Invictus - Carlin [69]
What happened at Mmabatho is often given as the sole reason why Viljoen decided to abandon the Boer resistance struggle. He confided that there was more to it than that. Once rid of the AWB hooligan element, it would have remained within his means to carry on leading an effective “military” campaign, even if everybody else would have described it as terrorism. “We had a plan in place. We could have stopped the elections from taking place, and not with the SADF, but on our own. We had the means, we had the arms, we had the tactics, and we had the will. Not to take power, not to defeat the SADF, but yes, to prevent the elections from taking place successfully, no doubt about that.”
Arrie Rossouw, perceived four years after Mandela’s release as a heavyweight of Afrikaner journalism, a man who would go on to become editor-in-chief of both Beeld and Die Burger, agreed. “No question, he could have caused terrible damage to this country,” Rossouw said. “He could easily have placed four hundred highly trained former members of the Reconnaissance regiments [Special Forces] under his command, and with them, well armed, he could have blown up airports, train stations, bus stations, assassinated people. They would not have managed to overthrow the government—that was the lesson of Mmabatho—but they could have paralyzed the economy and caused absolute political chaos. And they could have gone on for years and years.”

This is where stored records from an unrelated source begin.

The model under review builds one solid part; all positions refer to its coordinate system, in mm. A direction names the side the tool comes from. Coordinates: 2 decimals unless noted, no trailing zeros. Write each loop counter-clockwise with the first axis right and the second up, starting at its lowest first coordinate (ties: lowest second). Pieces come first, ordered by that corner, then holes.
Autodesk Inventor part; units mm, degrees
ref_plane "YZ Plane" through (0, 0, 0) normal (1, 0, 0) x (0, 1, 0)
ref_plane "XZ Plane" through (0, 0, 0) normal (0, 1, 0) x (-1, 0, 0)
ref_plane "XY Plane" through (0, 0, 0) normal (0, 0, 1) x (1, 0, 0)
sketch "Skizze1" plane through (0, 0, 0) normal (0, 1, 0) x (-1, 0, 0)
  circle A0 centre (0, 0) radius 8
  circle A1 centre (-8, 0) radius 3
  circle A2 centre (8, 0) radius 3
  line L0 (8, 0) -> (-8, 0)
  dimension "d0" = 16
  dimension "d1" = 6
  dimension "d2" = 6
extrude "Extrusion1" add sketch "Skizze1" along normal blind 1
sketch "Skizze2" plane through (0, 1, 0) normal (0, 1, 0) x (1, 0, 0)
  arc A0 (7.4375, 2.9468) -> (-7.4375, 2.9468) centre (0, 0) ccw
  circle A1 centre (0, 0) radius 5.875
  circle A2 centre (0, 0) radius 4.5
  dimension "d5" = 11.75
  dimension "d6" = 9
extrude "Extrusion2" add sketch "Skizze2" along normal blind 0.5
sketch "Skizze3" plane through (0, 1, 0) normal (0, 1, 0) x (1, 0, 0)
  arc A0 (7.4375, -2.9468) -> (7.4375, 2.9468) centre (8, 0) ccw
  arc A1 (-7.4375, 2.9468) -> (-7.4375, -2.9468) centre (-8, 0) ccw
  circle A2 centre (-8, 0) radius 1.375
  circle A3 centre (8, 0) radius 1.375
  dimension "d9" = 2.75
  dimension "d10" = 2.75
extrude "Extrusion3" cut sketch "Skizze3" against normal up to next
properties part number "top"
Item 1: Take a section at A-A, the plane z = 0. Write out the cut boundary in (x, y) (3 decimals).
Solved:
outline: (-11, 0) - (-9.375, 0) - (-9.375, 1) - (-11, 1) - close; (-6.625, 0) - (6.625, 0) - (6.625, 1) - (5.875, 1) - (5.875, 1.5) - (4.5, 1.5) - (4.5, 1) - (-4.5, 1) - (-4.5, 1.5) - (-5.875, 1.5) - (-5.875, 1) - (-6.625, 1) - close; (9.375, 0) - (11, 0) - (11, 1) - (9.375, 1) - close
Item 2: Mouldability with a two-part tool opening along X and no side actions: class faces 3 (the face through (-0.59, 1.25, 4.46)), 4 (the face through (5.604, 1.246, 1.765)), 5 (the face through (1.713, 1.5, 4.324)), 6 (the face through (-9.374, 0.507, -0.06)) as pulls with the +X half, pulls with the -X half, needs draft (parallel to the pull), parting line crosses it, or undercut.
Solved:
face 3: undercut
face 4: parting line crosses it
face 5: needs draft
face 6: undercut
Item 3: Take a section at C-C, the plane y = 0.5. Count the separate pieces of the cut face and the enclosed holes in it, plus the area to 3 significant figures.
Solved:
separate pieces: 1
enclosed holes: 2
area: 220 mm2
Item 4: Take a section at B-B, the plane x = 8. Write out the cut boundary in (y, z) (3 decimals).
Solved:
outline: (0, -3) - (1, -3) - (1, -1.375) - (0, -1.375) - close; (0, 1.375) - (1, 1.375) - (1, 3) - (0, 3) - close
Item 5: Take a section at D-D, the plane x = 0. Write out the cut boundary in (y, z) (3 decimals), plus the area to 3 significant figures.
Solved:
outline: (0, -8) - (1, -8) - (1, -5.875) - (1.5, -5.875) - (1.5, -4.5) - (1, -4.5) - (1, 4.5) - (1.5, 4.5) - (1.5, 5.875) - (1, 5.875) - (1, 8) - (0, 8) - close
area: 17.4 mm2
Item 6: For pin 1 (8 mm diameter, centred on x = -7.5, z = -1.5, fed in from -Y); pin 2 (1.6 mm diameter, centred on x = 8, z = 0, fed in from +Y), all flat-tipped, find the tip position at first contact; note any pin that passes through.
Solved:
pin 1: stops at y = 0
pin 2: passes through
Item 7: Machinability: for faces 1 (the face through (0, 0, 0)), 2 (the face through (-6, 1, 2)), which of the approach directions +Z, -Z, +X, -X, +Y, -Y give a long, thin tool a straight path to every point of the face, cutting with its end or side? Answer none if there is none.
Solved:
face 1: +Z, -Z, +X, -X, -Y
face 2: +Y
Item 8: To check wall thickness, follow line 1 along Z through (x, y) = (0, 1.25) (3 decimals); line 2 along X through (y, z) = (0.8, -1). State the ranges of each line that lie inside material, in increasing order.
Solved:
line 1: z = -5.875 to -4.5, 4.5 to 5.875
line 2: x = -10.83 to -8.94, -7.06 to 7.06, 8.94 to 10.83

They could have done, in other words, what the IRA did in Northern Ireland for thirty years, but with far more catastrophic impact. This was partly because they disposed of more arms and more men with more sophisticated military experience, but mainly because South Africa was a fragile, volatile, infant democracy, with a brittle economy, susceptible in a way neither Ireland nor Britain had been to chaos and collapse. The alarming thing was that it fell not to a collective but to one man to decide which of the two it would be, peace or war.
“Yes, it was entirely my decision. Entirely.” Viljoen solemnly confirmed. “During those final weeks before the election, opinion was divided in the Afrikaner Volksfront, fifty-fifty between those who wanted the violent option, disrupting the elections and the whole democratic process in South Africa, and those who wanted a negotiated solution.” So how did he reach his decision? “I always took the view that war or violence is not an easy option. I know war. So I told my supporters that I would take it upon myself whether to go to war or not to go. It was the most difficult decision I had to take in my life.
“In the military you must understand that before making up our minds on a question like this we weigh up all the factors, we evaluate, we think hard, and it is only after a long process that we decide. I considered that the right option was negotiations, and participation in the elections. I considered that it was best for the country, and best for the Afrikaner people.”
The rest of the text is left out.